FAIRE LA PAIX
Extrait
Du faiseur de pluie au faiseur de paix
Il y eut une grande sécheresse dans le pays de Kiao Tchou. Les hommes souffraient de la soif, plantes et animaux commençaient à périr ; on fit alors appel à tous les techniciens et à tous les magiciens capables de faire revenir la pluie, et avec elle la vie, dans le pays de Kiao Tchou.
Il y eut des coups de canons, des explosions de dynamites, mais aussi des processions, des incantations et toutes sortes de cérémonies censées faire venir la pluie. Mais dans le ciel rien, pas l'ébauche d'un seul nuage.
On se souvint alors d'un vieil homme du pays voisin qu'on appelait «le faiseur de pluie», sans trop y croire on l'invita dans le pays de Kiao Tchou, réputé pour ses savants, ses ingénieurs, ses techniciens, mais aussi ses sorciers, ses moines, ses religieux et autres hommes de pouvoir.
Quand le vieil homme arriva dans le pays de Kiao Tchou, il semblait avoir du mal à respirer, il se boucha le nez comme si l'air diffusait une mauvaise odeur ; on l'invita au palais et on mit à sa disposition toutes sortes d'instruments, de produits et de techniciens, qui dans les temps passés suffisaient à faire venir la pluie.
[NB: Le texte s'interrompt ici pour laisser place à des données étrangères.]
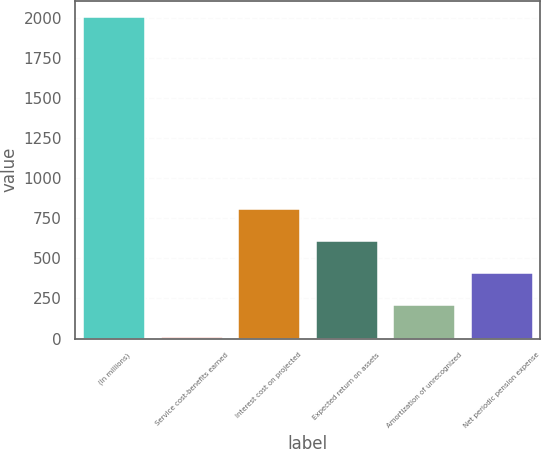Convert chart. <chart><loc_0><loc_0><loc_500><loc_500><bar_chart><fcel>(In millions)<fcel>Service cost-benefits earned<fcel>Interest cost on projected<fcel>Expected return on assets<fcel>Amortization of unrecognized<fcel>Net periodic pension expense<nl><fcel>2004<fcel>7<fcel>805.8<fcel>606.1<fcel>206.7<fcel>406.4<nl></chart>

Il refusa tout ce qu'on lui proposait et demanda seulement qu'on le laisse seul et tranquille dans une petite cabane un peu à l'écart, il demanda même qu'on dépose ses repas à quelques mètres de la cabane.
Pendant trois jours, le vieil homme resta enfermé dans cette cabane, silencieux, sans doute immobile ; nul ne put savoir ce qu'il «faisait». Au soir du troisième jour, on vit apparaître un premier nuage ; le quatrième jour la pluie commença à tomber ; le cinquième jour ce fut de la neige, ce qui était complètement inhabituel pour la saison et le pays.
Les paysans étaient dans la joie ; les savants, les ingénieurs, les sorciers et les religieux étaient dans l'étonnement : qu'a-t-il fait pour réussir ainsi là où nous avons échoués, il ne semble pas avoir utilisés de moyens visibles et puissants.
Ils lui demandaient tous : «Qu'avez-vous fait ?» Le vieil homme répondit humblement, regardant la terre : «Je n'ai rien fait.
- Mais que s'est-il passé alors ?» Le vieil homme répondit : «Je viens d'un pays où les choses, les animaux et les humains sont en ordre avec la nature et en harmonie avec le Tao. Quand je suis arrivé dans votre pays, j'ai eu du mal à respirer, l'air sentait mauvais, comme si dans votre pays les choses, les animaux et les humains n'étaient pas en ordre avec la nature et ne vivaient pas en harmonie avec le Tao.
«Je me suis senti comme contaminé et il m'a fallu trois jours de silence et de solitude pour me remettre en ordre avec la nature et en harmonie avec le Tao. Quand on et en paix, c'est-à-dire, en ordre avec la nature et en harmonie avec le Tao, ce qui doit arriver arrive. La sécheresse appelle la pluie, c'est de nouveau l'harmonie des contraires, l'alternance des opposés, on entre de nouveau dans la danse, dans ce mouvement de la vie qui se donne, qu'on appelle le Tao.»